This code is undergoing updates. You can take a peak at your own risk :)
The code in this directory is part of an effort to make Web indexing available to all. We provide tools that allow a user to process the Common Crawl dumps (https://commoncrawl.org, containing petabytes of Web data in 40 languages).
We will be using the .wet files from Common Crawl. For more information on the WET format, please consult [...].
Note that processing Common Crawl files is a very intensive job. Please refer to the information we have compiled about benchmarking (here in the wiki) before launching your own jobs. At the same time, don't be shy: you can process small amounts of data on your laptop without problems. So give it a go, and find friends to collectively process more data!

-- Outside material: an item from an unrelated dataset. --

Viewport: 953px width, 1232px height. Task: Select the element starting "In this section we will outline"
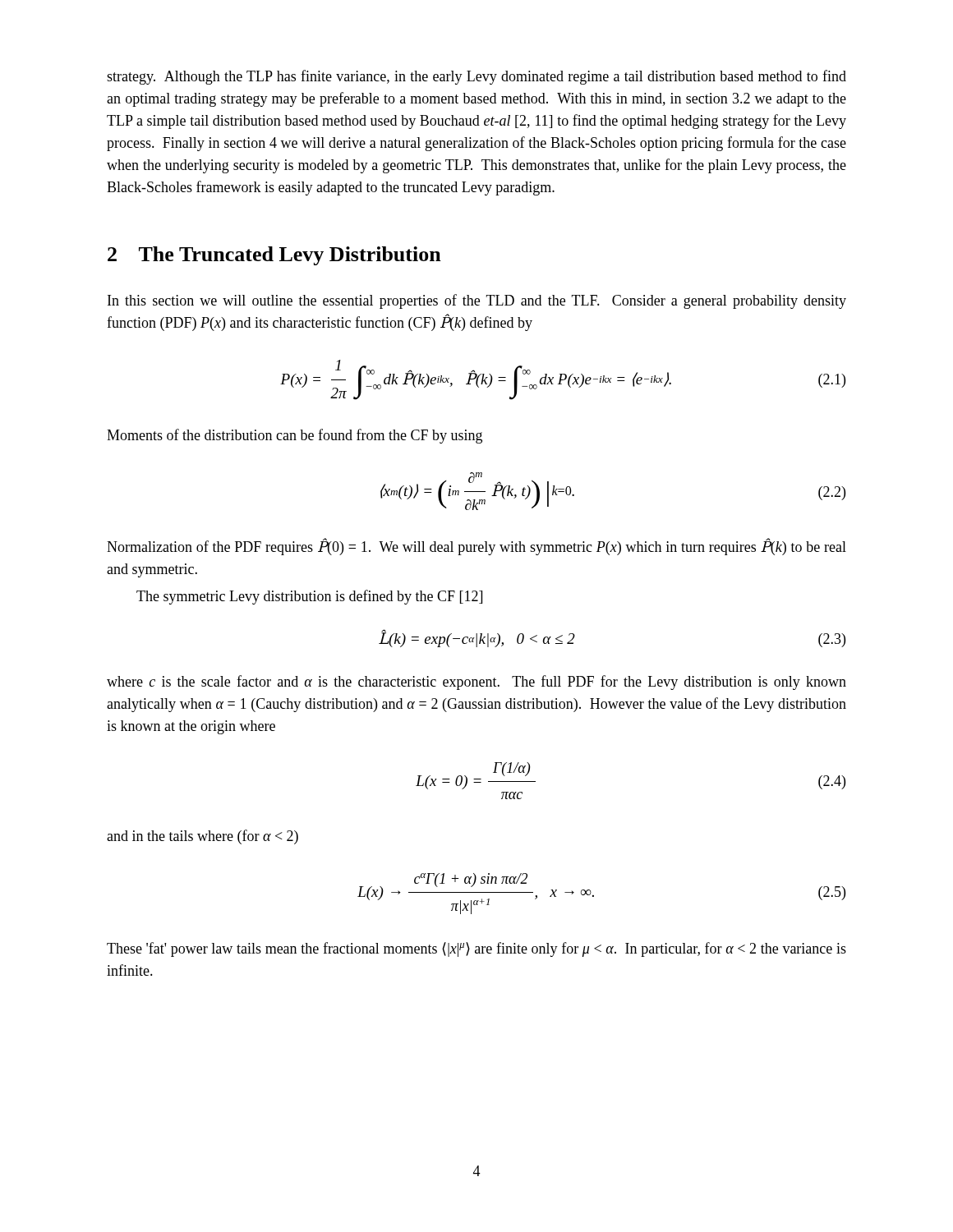tap(476, 312)

Before you start, you will have to find the location of some .wet files to process. If you go to the Common Crawl website and look for monthly file listings, for instance here, you will find files named wet.paths.gz. If you uncompress one of those wet.paths file, you will get a list of URLs starting with crawl-data... Prepend https://commoncrawl.s3.amazonaws.com/ to each line, and you will get a few tens of thousands of .wet files' URLs.
Each processed file now contains a number of raw text documents, which we need to further process to get a rough idea of the content of the page. In this step, we will take each raw text file, cluster the documents it contains using a technique called Locality Sensitive Hashing (LSH), and return some keywords representative of its content.
TODO
We recommend using a virtual environment. You can set it up from outside your clone repository, by doing:
virtualenv common-crawl-processor
To process raw .wet files, do:
python cc_process_wet.py --file=example-path-file.txt --lang=en
You should see the file being processed:
1 documents processed 0 documents added...
3 documents processed 0 documents added...
383 documents processed 100 documents added...
384 documents processed 100 documents added...
385 documents processed 100 documents added...
387 documents processed 100 documents added...
768 documents processed 200 documents added...